Heimat hinter Grenzen

Eine Fahrt ins alte Schlesien

Mit Zeichnungenvon Lilo Rasch-Nägele

Saga

Heimat hinter Grenzen

© 1975 Lise Gast

Alle Rechte der Ebookausgabe: © 2016 SAGA Egmont, an imprint of Lindhardt og Ringhof A/S Copenhagen

All rights reserved

ISBN: 9788711509517

1. Ebook-Auflage, 2016

Format: EPUB 3.0

Dieses Buch ist urheberrechtlich geschützt. Kopieren für andere als persönliche Nutzung ist nur nach Absprache mit Lindhardt und Ringhof und Autors nicht gestattet.

SAGA Egmont www.saga-books.com – a part of Egmont, www.egmont.com

Und damit war die Reise beschlossen.

»Am fünften August also«, sagte Ernst, mein Ältester, und steckte abschließend seinen Terminkalender in die Brusttasche. Am fünften August würden wir nach Schlesien fahren, nach Caménz, in die alte Heimat, aus der wir vor neunundzwanzig Jahren fortmußten. Eine Reise in die Vergangenheit.

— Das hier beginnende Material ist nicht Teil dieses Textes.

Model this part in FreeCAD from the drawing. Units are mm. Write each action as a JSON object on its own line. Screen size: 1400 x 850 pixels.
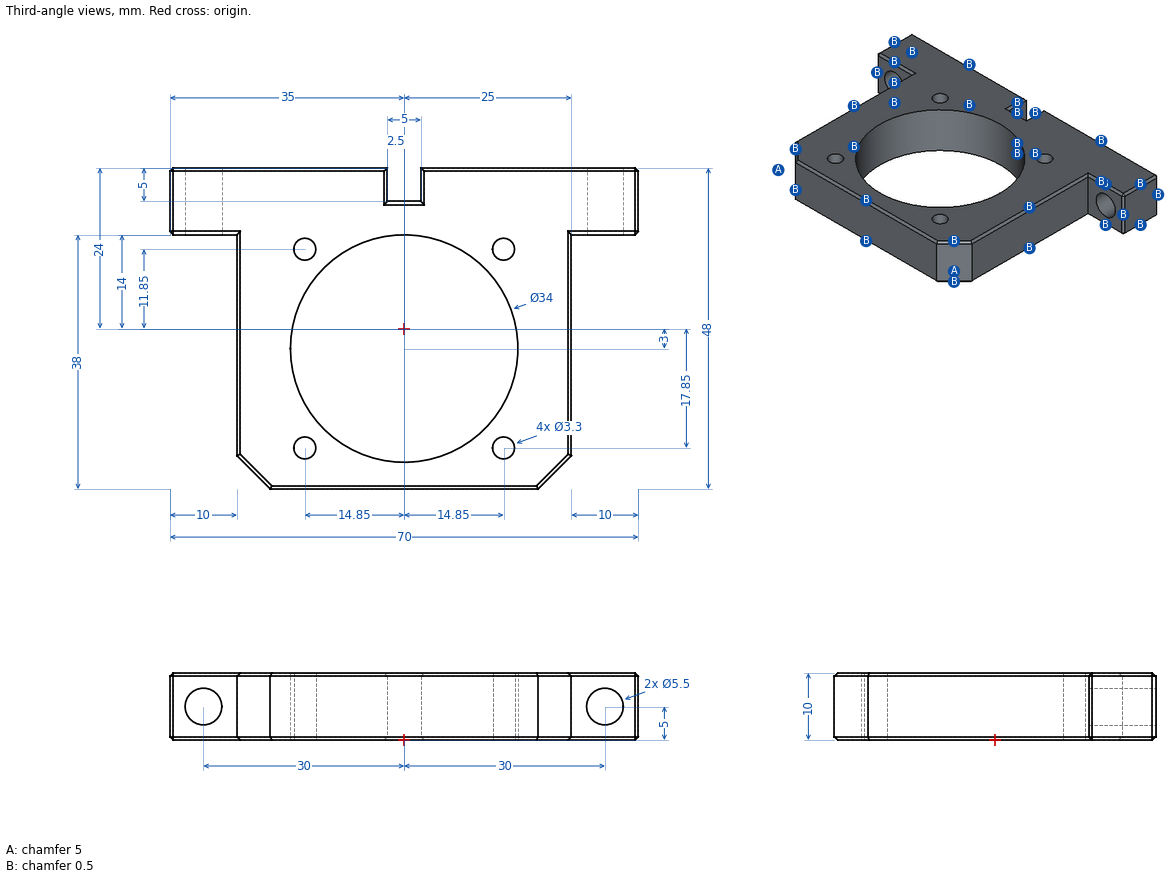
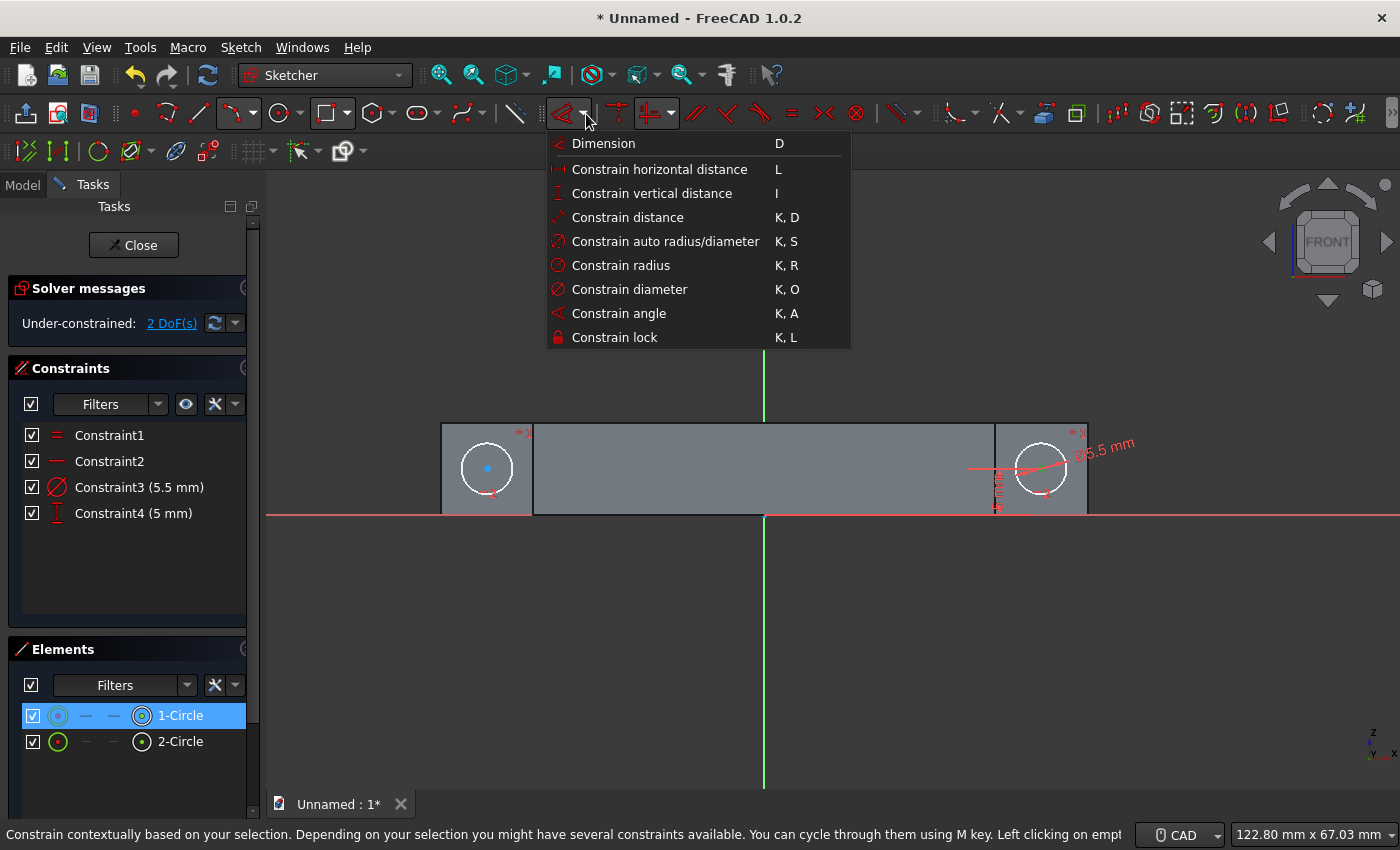
{"action": "left_click", "coordinate": [699, 169]}

»Wenn das die Mummi wüßte«, setzte Ernst noch hinzu und lachte hinterhältig. Und da mußten wir alle lachen.

›Die Mummi‹ ist meine Mutter, zur Zeit einundneunzig, aber quicklebendig und ganz ›da‹. »Wenn das die Mummi wüßte« – das wurde bei uns schon immer zitiert, bei allen unvernünftigen, aber schönen Entschlüssen. Etwa wenn wir in eine Baracke zogen, statt gut bürgerlich eine Etagenwohnung in der Stadt zu mieten, wenn wir wieder ein Pferd kauften, statt endlich ordentliche Matratzen anzuschaffen – jedenfalls immer, wenn wir etwas ›Ungezogenes‹ taten. In den Augen der Mummi kommen wir aus dem Alter der Ungezogenheit nie heraus. Was aber sagte sie, als sie dies erfuhr?

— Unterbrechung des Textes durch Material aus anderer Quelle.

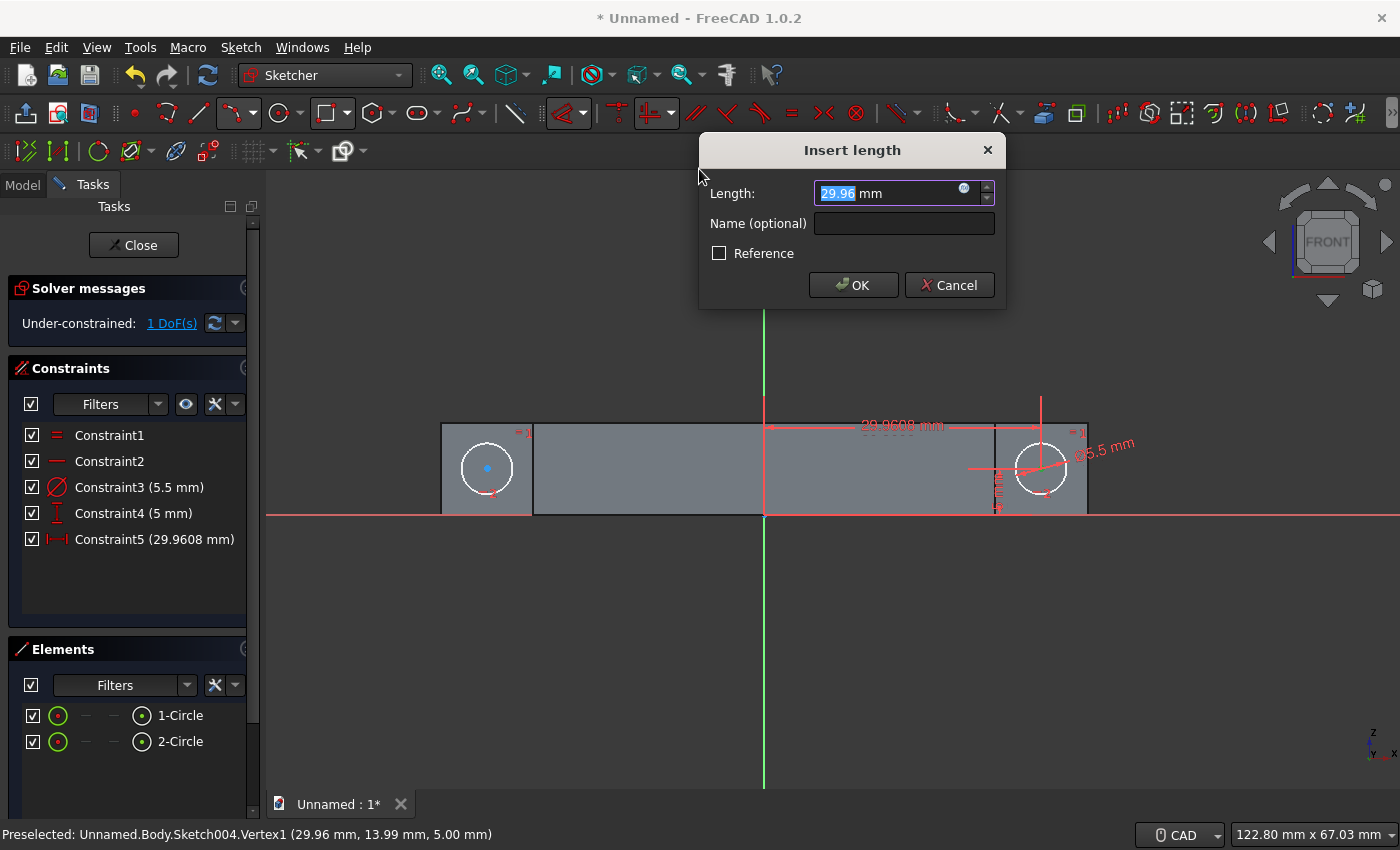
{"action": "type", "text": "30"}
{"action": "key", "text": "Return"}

»Nach Caménz? Kinder, da fahr ich mit!«

Damit hatten wir natürlich nicht gerechnet. Meine Schwester bekam die ehrenvolle Aufgabe, es ihr auszureden. Sie ist die Jüngste und hat entsprechend Stand bei ihr. Es gelang ihr auch schließlich mit allerlei Diplomatie. Die Mummi hat im ganzen Leben noch nie gezeltet – wir mußten mit Zelten fahren –, sie war nie ›auf Fahrt‹ gewesen, sondern höchstens ›verreist‹. Jetzt aber warf sie alle festgemauerten Grundsätze über Bord und wollte unbedingt mit. Als sie dann endlich die Unmöglichkeit einsah, stellte sie ihren Rückzug so dar, als verzichte sie unsertwegen. Wir ›Kinder‹ sollten mal sehen, wie es wäre, wenn kein Erwachsener dabei ist ...

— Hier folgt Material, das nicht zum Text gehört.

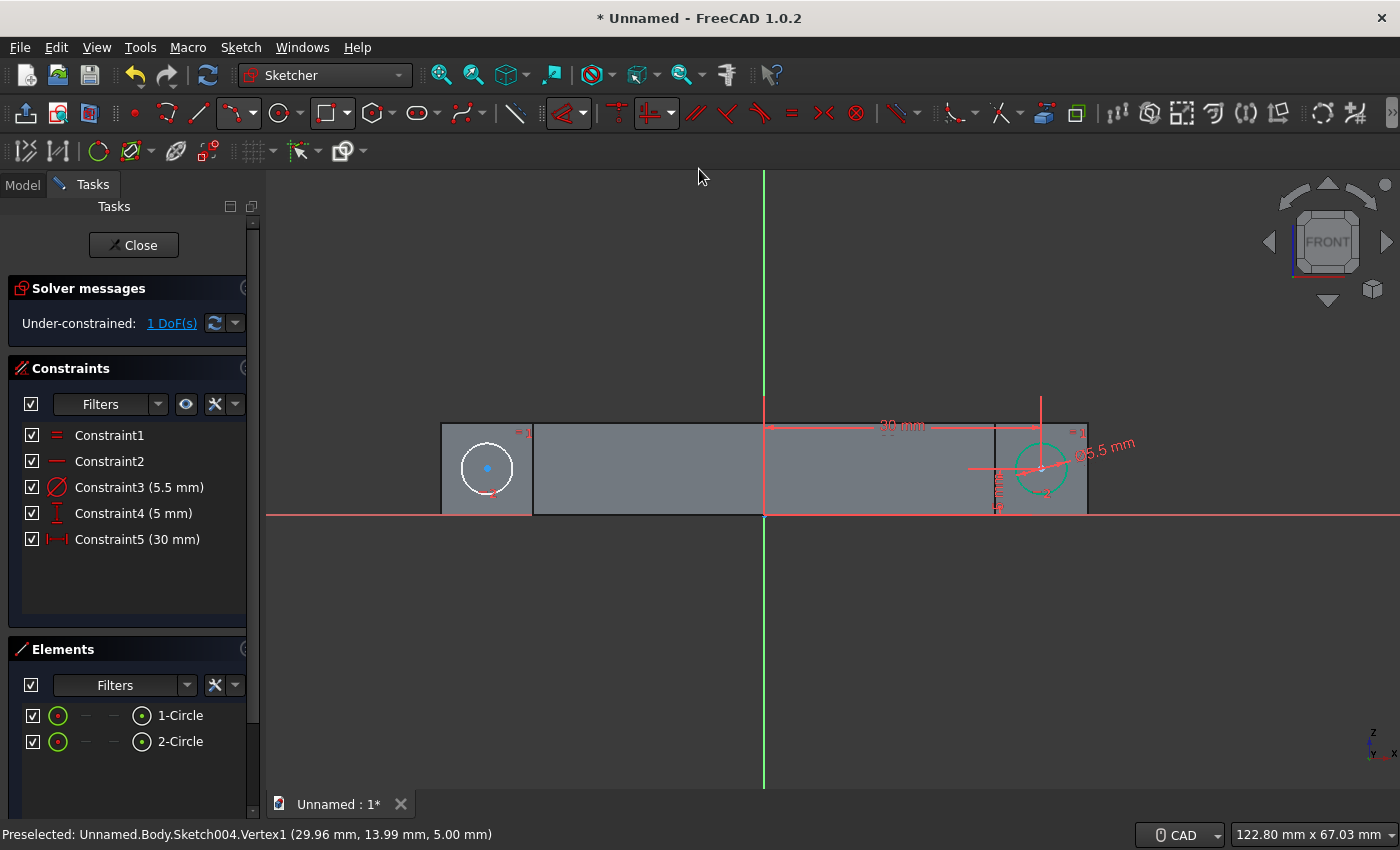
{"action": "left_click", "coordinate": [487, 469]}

Im Vertrauen gesagt: wir fühlten uns alle ein wenig beklommen angesichts dieser Unternehmung, einer wie der andere. Bedenken, wie man mit Paß und Visum klar kommt, ohne polnisch lesen zu können, Sorge, was bei Autoschäden zu unternehmen sei, und Angst vor der Erschütterung. Diese war für mich die größte. Man sehnt sich nicht neunundzwanzig Jahre, ohne eine entzündete Stelle an der Seele zu bekommen; wie weh würde die tun, wenn ...

Aber ich mußte mit gutem Beispiel vorangehen, ich, nunmehr die Älteste. Daß ich das war, hatte auch wieder Vorteile. Ein paar Jahrzehnte lang war immer ich es gewesen, die bei allen gefährlichen Vorstößen voran ging, Hemmnisse beseitigte und Zuversicht ausstrahlte. Jetzt durfte ich sagen: »Geht ihr voran.« Ein wunderbares Gefühl, neu, aber schön.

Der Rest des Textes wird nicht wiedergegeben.